Tout d’abord commençons cet article avec une définition. Car l’automutilation est à différencier de la mutilation.

L’automutilation c’est : « comportement qui consiste à se faire mal de façon délibérée, répétée, de manière directement physique, sans intention consciente de se suicider et qui ne conduit pas à des blessures pouvant menacer le pronostic vital. »

Alors que la mutilation c’estune perte partielle/totale d’un membre, d’un organe ou la destruction/dégradation partielle d’une ou plusieurs parties du corps. 

Il faut savoir que la forme la plus répandu d’automutilation est la dégradation cutanée (coupures sur certaines parties du corps par exemple) mais c’est en fait beaucoup plus vaste. L’automutilation inclut aussi les brûlures, abrasions, griffures, cognement de certaines parties du corps, réouverture de plaies cutanées etc..

Pourquoi certaines personnes s’automutilent ?

On ne saura jamais pourquoi les gens se mutilent car il n’y a pas d’accord « consentuel » (les personnes ne se sont pas dis « tiens ceux qui souffrent de tels ou tels troubles nous allons nous mutiler ») mais il est dit qu’il existe 3 types de mutilation/automutilation :

  • Lesautomutilations majeures, qui sont des actes graves d’amputation, d’énucléation ou d’émasculation. On les attribue généralement à des personnes schizophrènes ou souffrantes de délires divers.
  • Les automutilations stéréotypiques, qui s’observent souvent dans les syndromes liés à l’autisme, les retards mentaux et plusieurs syndromes neurologiques. Classiquement, la victime se cogne la tête, se mord ou se comprime les yeux.

 

  • Les automutilations superficielles à modérées, qui sont les plus fréquentes et qui se sous-divisent en 2 catégories :

                    Les automutilations compulsives concernent la répétition de lésions comme les écorchures, l’arrachage des peaux, les morsures, la trichotillomanie (s’arracher les cheveux ou les cils), l’entretien de la non-cicatrisation des plaies…

          Les automutilations impulsives concernent surtout les coupures épisodiques ou répétitives par rasoir, morceaux de verre, lames de ciseaux, ainsi que les brûlures.

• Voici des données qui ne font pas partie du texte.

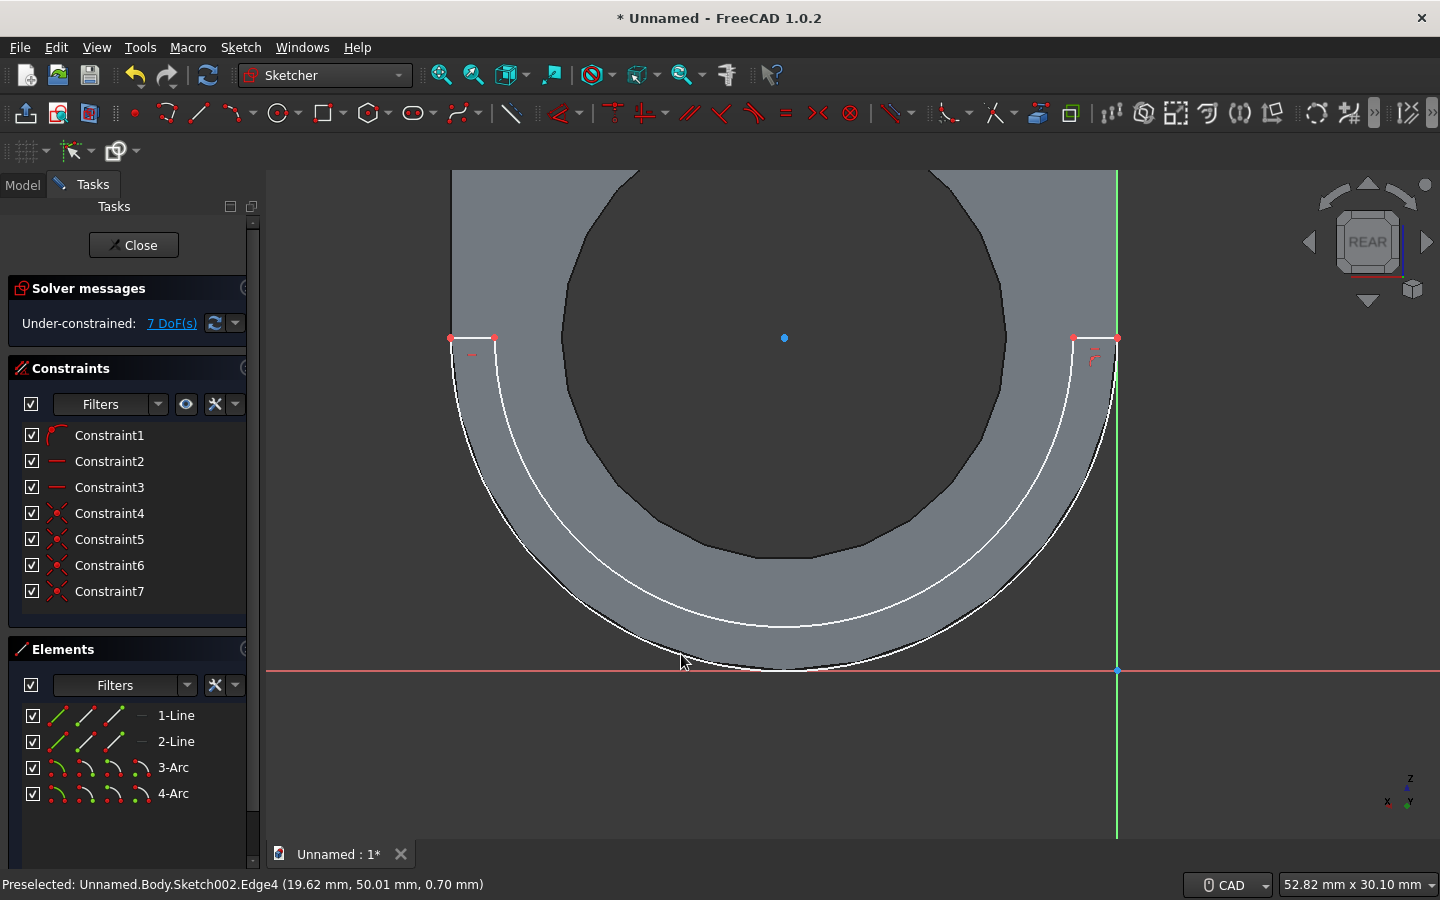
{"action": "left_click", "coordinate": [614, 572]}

Le Syndrome d’Automutilations Répétées se définit par la répétition d’automutilations impulsives, marquée par l’incapacité de la personne à résister à l’impulsion de s’automutiler. La personne n’a aucune intention de se suicider quand elle se mutile. C’est généralement ce syndrome là qui touche les jeunes filles de 12-14 ans par exemple, voir plus.

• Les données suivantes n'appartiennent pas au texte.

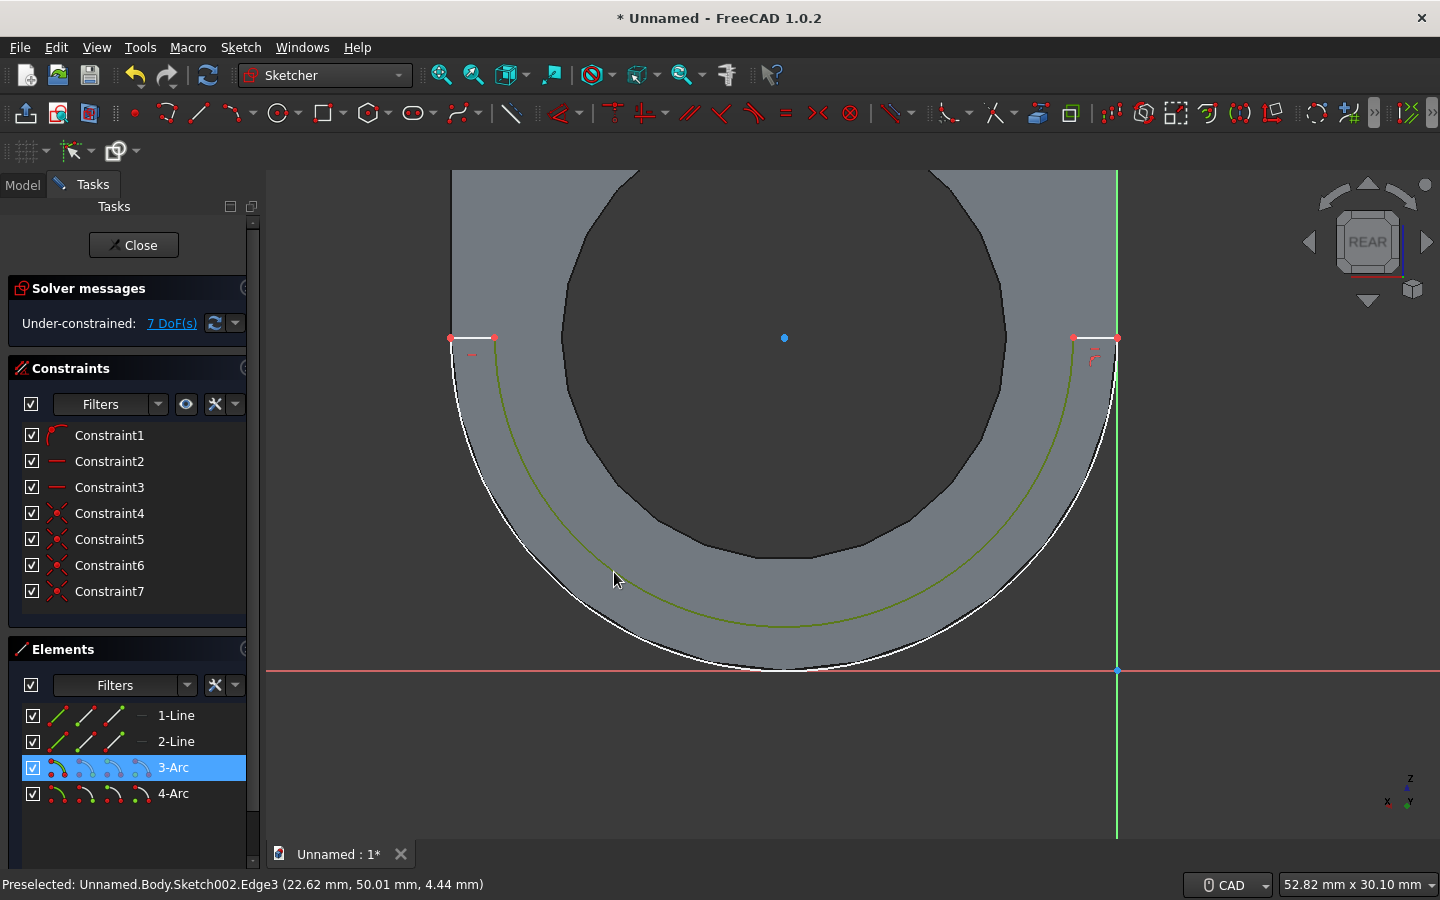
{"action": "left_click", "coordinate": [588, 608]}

Les individus qui s’automutilent sont perçus comme étant suicidaire alors que pour la majeur partie des cas, c’est inexact. Le suicide n’est pas directement lié à l’automutilation, la relation entre les deux est très complexe car les blessures intentionnelles constituent une menace pour la personne qui se les exécute.

Cependant le risque de suicide chez les individus qui se mutilent existe bel et bien même si il n’est pas directement lié. Environ 40 à 60% des personnes qui se mutilent décèdent.

Quelques chiffres…

D’après certains chiffres et d’après des scientifiques (qui sont à prendre avec précaution car le recensement de personnes faisant cet acte en se dissimulant est difficile) :

  • 17% de la population expérimenterait au moins une fois dans sa vie l’automutilation.

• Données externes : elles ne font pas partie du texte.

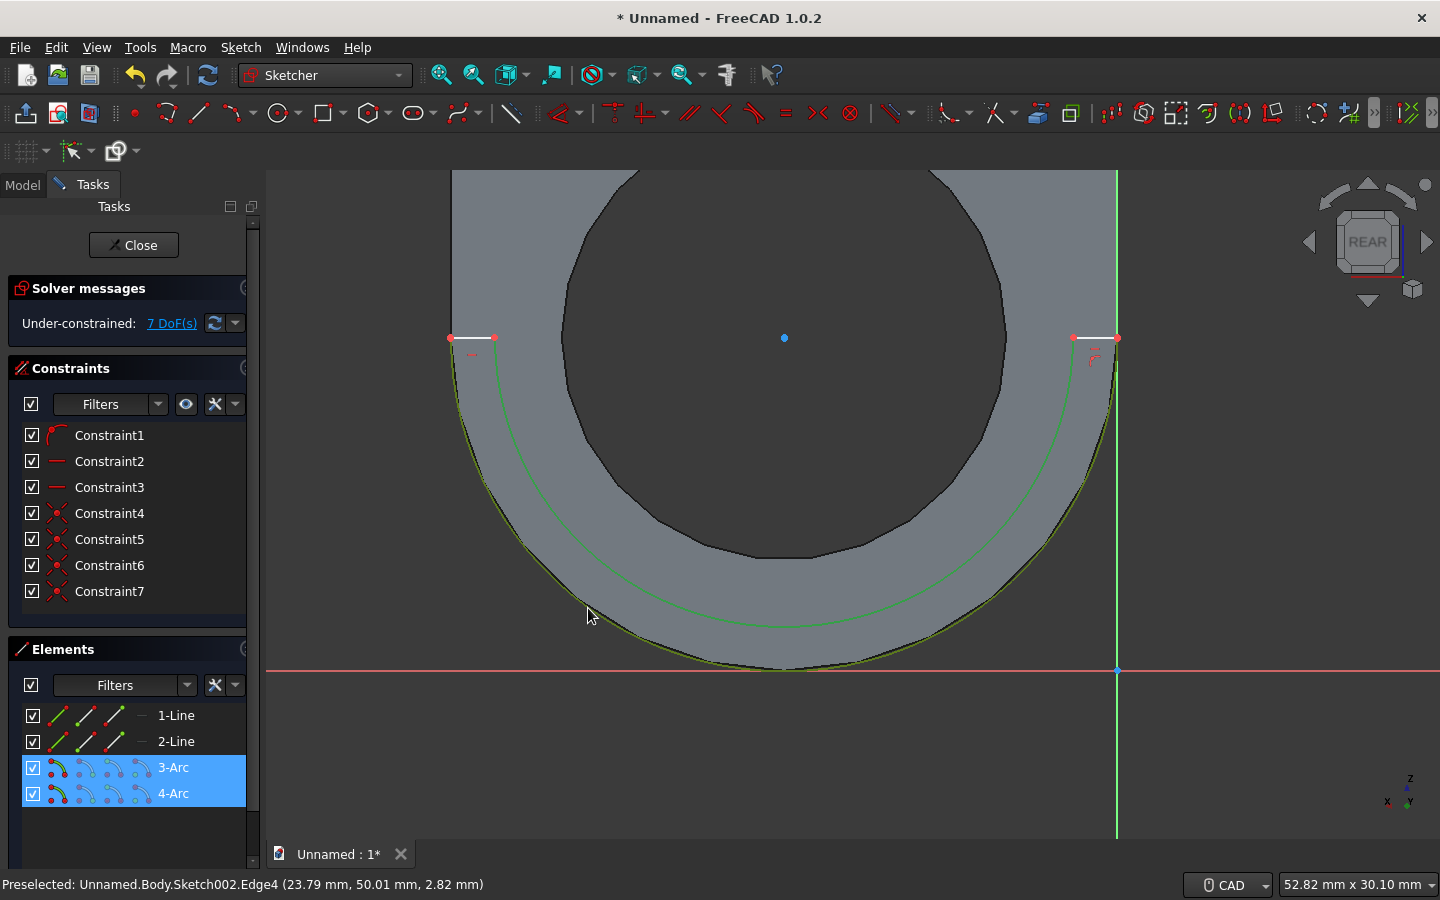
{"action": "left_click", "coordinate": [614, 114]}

  • Parmi eux, 75 % ont connu plusieurs épisodes.

  • 36 % affirment que personne n’a jamais été au courant de leurs agissements.

  • Seulement 3 % ont consulté un médecin à ce sujet.

  • Dans 60% des cas l’automutilation commence vers 12/14 ans.

 

Existe t’il des facteurs déclencheurs ? 

Oui. Il existe des concordances entre l’automutilation et des troubles enregistrés dans le DSM-V, parmi lesquels :

  • Les troubles bipolaires ;
  • Le syndrome de stress post-traumatique ;
  • L’abus de substances ;
  • Le trouble explosif ;
  • Le suicide : 1 quart à 1 tiers des suicides sont précédés dans l’année d’une forme d’autoagression. Près de 9 % des automutilateurs mourraient moins de 20 ans après les faits, et même 1,8 % au cours de l’année suivante.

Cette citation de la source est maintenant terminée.